Enemy Of My Enemy

Thanks in no small part to my subconscious’ decision to end each and every dream I have in a cliffhanger – a tendency that, judging by last week’s inconclusive dream-time romp about rescuing my brother from an insidious cult, isn’t getting any better – I’ve started waking up about five or six times a night. While some have pinned sleep apnea as the culprit, I prefer to think it’s Syd Fields astral projecting his way into my mind, hoping I’ll cave and take his story seminar in an effort to find sweet release. Regardless, neither Syd nor apnea was the problem last night. It was the massive Boeing 747 circling slowly but deliberately overhead.

At least, that’s what the mosquito sounded like.

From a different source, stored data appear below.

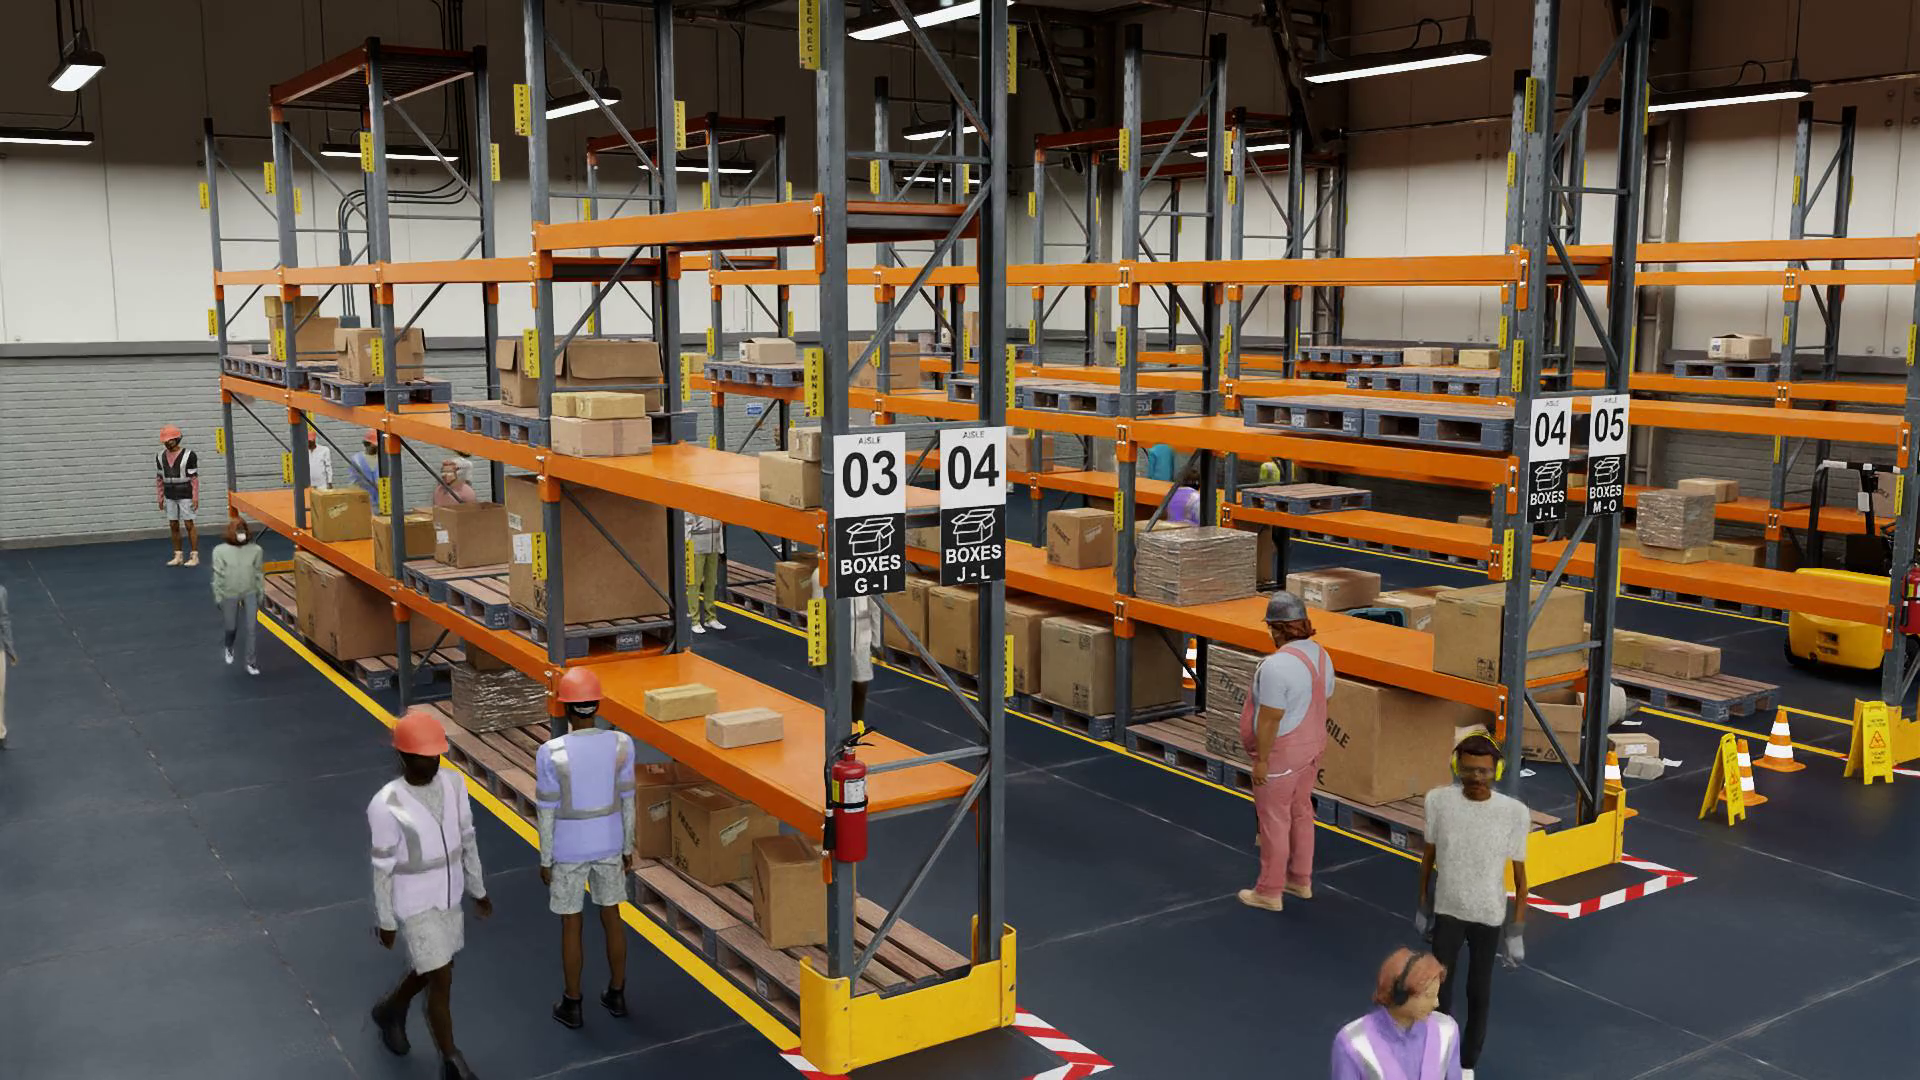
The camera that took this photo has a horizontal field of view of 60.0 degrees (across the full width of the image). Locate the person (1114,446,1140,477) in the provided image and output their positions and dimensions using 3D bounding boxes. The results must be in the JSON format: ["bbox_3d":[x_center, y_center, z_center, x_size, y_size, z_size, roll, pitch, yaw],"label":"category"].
[{"bbox_3d":[2.619,-0.796,26.067,0.526,1.615,0.525,-3,9,-22],"label":"person"}]

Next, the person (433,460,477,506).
[{"bbox_3d":[-6.045,0.002,19.793,0.653,1.906,0.408,5,10,29],"label":"person"}]

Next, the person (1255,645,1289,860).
[{"bbox_3d":[2.219,1.364,11.452,0.322,1.685,0.542,-3,9,-20],"label":"person"}]

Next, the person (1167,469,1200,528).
[{"bbox_3d":[2.726,0.071,19.647,0.434,1.814,0.716,-4,10,-26],"label":"person"}]

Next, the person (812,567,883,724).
[{"bbox_3d":[-0.913,0.845,13.739,0.614,2.038,0.396,-4,10,-26],"label":"person"}]

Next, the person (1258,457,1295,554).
[{"bbox_3d":[4.663,-0.644,24.858,0.557,1.660,0.794,-3,9,-17],"label":"person"}]

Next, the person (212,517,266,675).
[{"bbox_3d":[-7.372,0.558,17.012,0.513,1.619,0.501,-6,10,-35],"label":"person"}]

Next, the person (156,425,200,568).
[{"bbox_3d":[-11.071,-0.614,23.511,0.612,2.030,0.408,1,9,7],"label":"person"}]

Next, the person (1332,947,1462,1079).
[{"bbox_3d":[1.546,2.226,6.021,0.531,1.611,0.762,-2,9,-15],"label":"person"}]

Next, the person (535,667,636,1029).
[{"bbox_3d":[-2.002,1.631,8.888,0.539,1.929,0.383,-5,10,-31],"label":"person"}]

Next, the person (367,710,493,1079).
[{"bbox_3d":[-2.664,1.744,8.218,0.888,1.909,0.564,5,10,30],"label":"person"}]

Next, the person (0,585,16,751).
[{"bbox_3d":[-8.216,0.948,13.974,0.333,1.766,0.534,6,10,33],"label":"person"}]

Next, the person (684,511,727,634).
[{"bbox_3d":[-2.924,0.100,19.070,0.362,1.928,0.587,7,11,39],"label":"person"}]

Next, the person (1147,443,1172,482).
[{"bbox_3d":[3.200,-0.979,26.905,0.441,1.730,0.611,8,12,44],"label":"person"}]

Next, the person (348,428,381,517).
[{"bbox_3d":[-8.213,-0.568,23.280,0.661,2.014,0.493,-3,9,-21],"label":"person"}]

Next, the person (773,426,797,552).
[{"bbox_3d":[-2.644,-0.764,24.945,0.401,1.899,0.636,-2,9,-11],"label":"person"}]

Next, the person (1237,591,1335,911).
[{"bbox_3d":[2.057,1.314,10.615,0.535,2.000,0.689,8,11,42],"label":"person"}]

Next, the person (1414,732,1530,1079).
[{"bbox_3d":[2.394,1.825,7.830,0.530,1.843,0.766,4,9,23],"label":"person"}]

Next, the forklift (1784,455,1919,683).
[{"bbox_3d":[9.643,0.253,17.172,2.313,2.155,1.214,-6,10,-33],"label":"forklift"}]

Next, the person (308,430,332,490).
[{"bbox_3d":[-10.341,-0.937,26.604,0.575,1.739,0.349,-3,9,-20],"label":"person"}]

I have a history with mosquitoes. During the muggy Vancouver summers of my youth, I waged a nightly war against them using only a physics textbook that was curiously still in its original wrapping. And by the end of every August, my room’s walls told the story of this Sisyphian battle, with hundreds of bugs flattened against them like so many downed Nazi fighters stenciled on the side of an Allied bomber. It wasn’t the idea of getting bitten that drove me to nightly bloodlust – it was that terrible buzzing; nature’s own psychological warfare. An untapped gold mine for sleep deprivation researchers worldwide.

And there it was last night, near-deafening as the mosquito went in for the kill. After a noble thirty-seven seconds of doing my best to ignore it, I finally vaulted out of bed and slammed on the light. The nearest weapon was a fitness book with, somehow fittingly, a broken spine. Wielding it like a madman, I went for the first dark spot I could see against my white walls and smashed –

A spider.

This, I have to admit, gave me a moment’s pause. Yes, the spider could have inflicted a bite just like the mosquito. But at the same time, it was a silent hunter and the enemy of my enemy. I must have stared at that black smudge on the wall for a good thirty seconds, eyelids at half mast as my mind raced to decide whether it was a wise strategy to have killed my best – albeit reluctant – ally. The only answer I received was the faint buzzing of the mosquito’s wings, growing stronger as it went in for the attack.

I’m convinced that there’s some important lesson about the futility of war here but I’ll be damned if I can figure out what it might be.

Oh, and just so you don’t think my storytelling style has been corrupted by the narrative incoherence of my dreams, I never did kill the mosquito. I wound up positioning an industrial fan at my feet and turning it on full blast, creating a makeshift wind tunnel that I was pretty sure no mosquito could handle. Sure, the breeze nearly made me freeze to death. But like they say, war is hell.